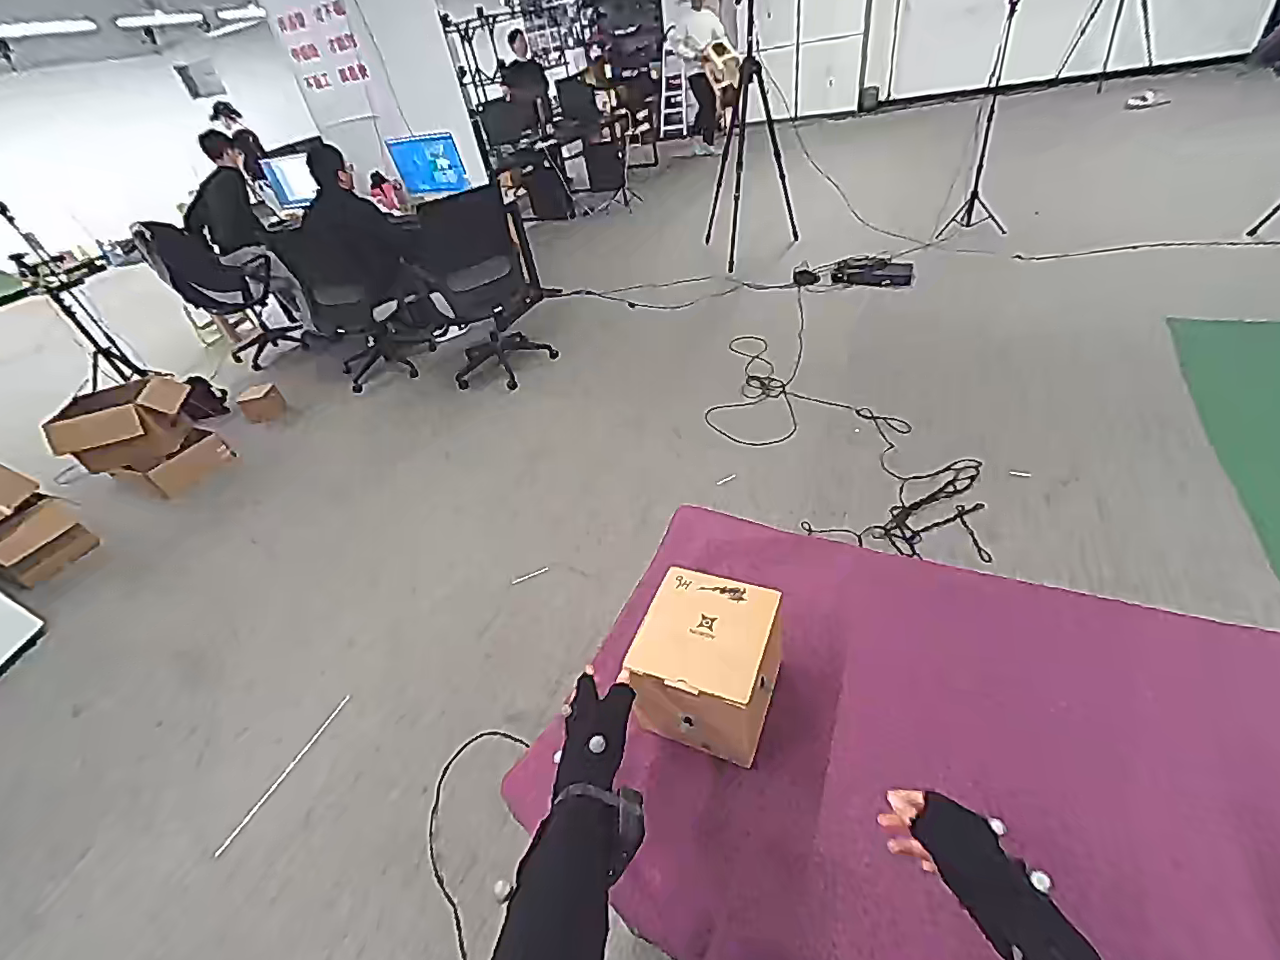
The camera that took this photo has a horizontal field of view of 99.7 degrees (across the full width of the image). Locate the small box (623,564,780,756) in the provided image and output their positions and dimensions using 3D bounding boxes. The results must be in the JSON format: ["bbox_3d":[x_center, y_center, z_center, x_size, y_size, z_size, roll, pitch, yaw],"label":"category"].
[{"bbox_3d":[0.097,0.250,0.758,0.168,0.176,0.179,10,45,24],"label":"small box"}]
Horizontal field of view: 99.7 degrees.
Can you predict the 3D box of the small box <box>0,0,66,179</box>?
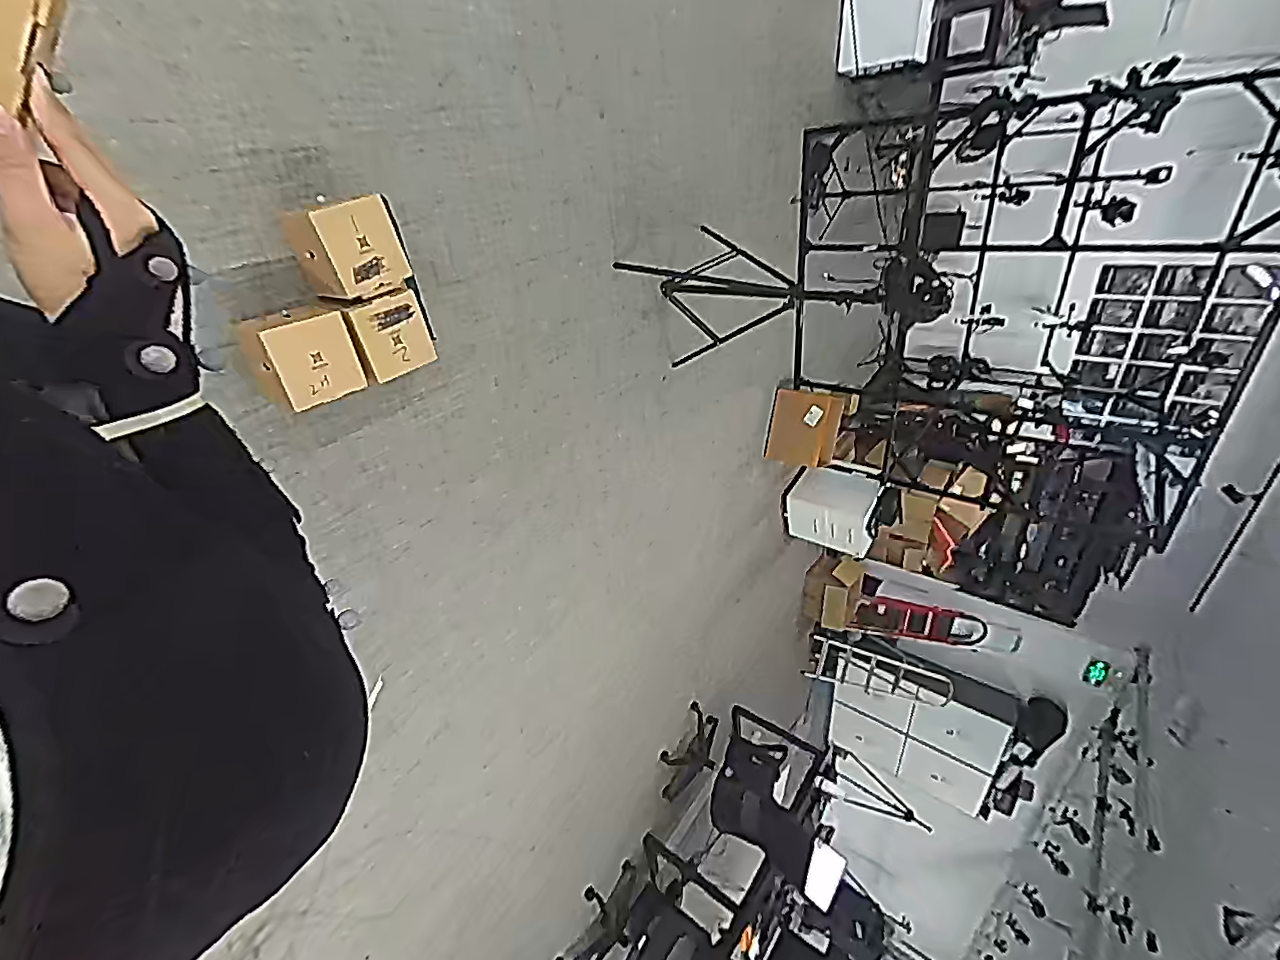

● ● ● ● ●

REQUIRED WORK:
Reproduce the data word for word, excluding its pictures.

REPLY TO THE TASK:
The camera that took this photo has a horizontal field of view of 99.7 degrees (across the full width of the image). Locate the small box (623,564,780,756) in the provided image and output their positions and dimensions using 3D bounding boxes. The results must be in the JSON format: ["bbox_3d":[x_center, y_center, z_center, x_size, y_size, z_size, roll, pitch, yaw],"label":"category"].
[{"bbox_3d":[0.097,0.250,0.758,0.168,0.176,0.179,10,45,24],"label":"small box"}]
Horizontal field of view: 99.7 degrees.
Can you predict the 3D box of the small box <box>0,0,66,179</box>?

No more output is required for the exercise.